## EXERCISE INSTRUCTIONS:
The task calls for each line of the records below in which the word "response" appears.

*** EXTRACTED RECORDS Section Begins ***

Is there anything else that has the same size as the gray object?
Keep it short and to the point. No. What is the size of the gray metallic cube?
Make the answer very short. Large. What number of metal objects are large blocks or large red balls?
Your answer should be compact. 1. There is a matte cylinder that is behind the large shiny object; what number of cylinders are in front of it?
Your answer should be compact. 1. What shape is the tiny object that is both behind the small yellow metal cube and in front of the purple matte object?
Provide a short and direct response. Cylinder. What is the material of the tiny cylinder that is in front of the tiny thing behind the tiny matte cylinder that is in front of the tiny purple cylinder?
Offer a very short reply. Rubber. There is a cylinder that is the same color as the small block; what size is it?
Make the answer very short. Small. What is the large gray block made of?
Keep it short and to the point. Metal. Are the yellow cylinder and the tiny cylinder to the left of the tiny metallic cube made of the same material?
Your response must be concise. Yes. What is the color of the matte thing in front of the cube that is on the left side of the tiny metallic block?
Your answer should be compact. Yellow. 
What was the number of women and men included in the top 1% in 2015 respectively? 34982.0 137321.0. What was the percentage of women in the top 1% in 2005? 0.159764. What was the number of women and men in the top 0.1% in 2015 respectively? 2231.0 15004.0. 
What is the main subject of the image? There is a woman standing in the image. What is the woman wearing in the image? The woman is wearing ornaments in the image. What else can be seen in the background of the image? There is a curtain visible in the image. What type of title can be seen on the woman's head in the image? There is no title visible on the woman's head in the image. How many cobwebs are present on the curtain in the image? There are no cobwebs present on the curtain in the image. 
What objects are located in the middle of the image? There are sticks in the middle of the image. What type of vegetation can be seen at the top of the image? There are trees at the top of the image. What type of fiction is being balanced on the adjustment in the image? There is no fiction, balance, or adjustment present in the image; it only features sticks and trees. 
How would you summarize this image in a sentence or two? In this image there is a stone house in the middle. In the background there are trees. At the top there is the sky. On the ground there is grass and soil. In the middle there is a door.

*** EXTRACTED RECORDS Section Ends ***

## ANSWER BOX:
Provide a short and direct response. Cylinder. What is the material of the tiny cylinder that is in front of the tiny thing behind the tiny matte cylinder that is in front of the tiny purple cylinder?
Your response must be concise. Yes. What is the color of the matte thing in front of the cube that is on the left side of the tiny metallic block?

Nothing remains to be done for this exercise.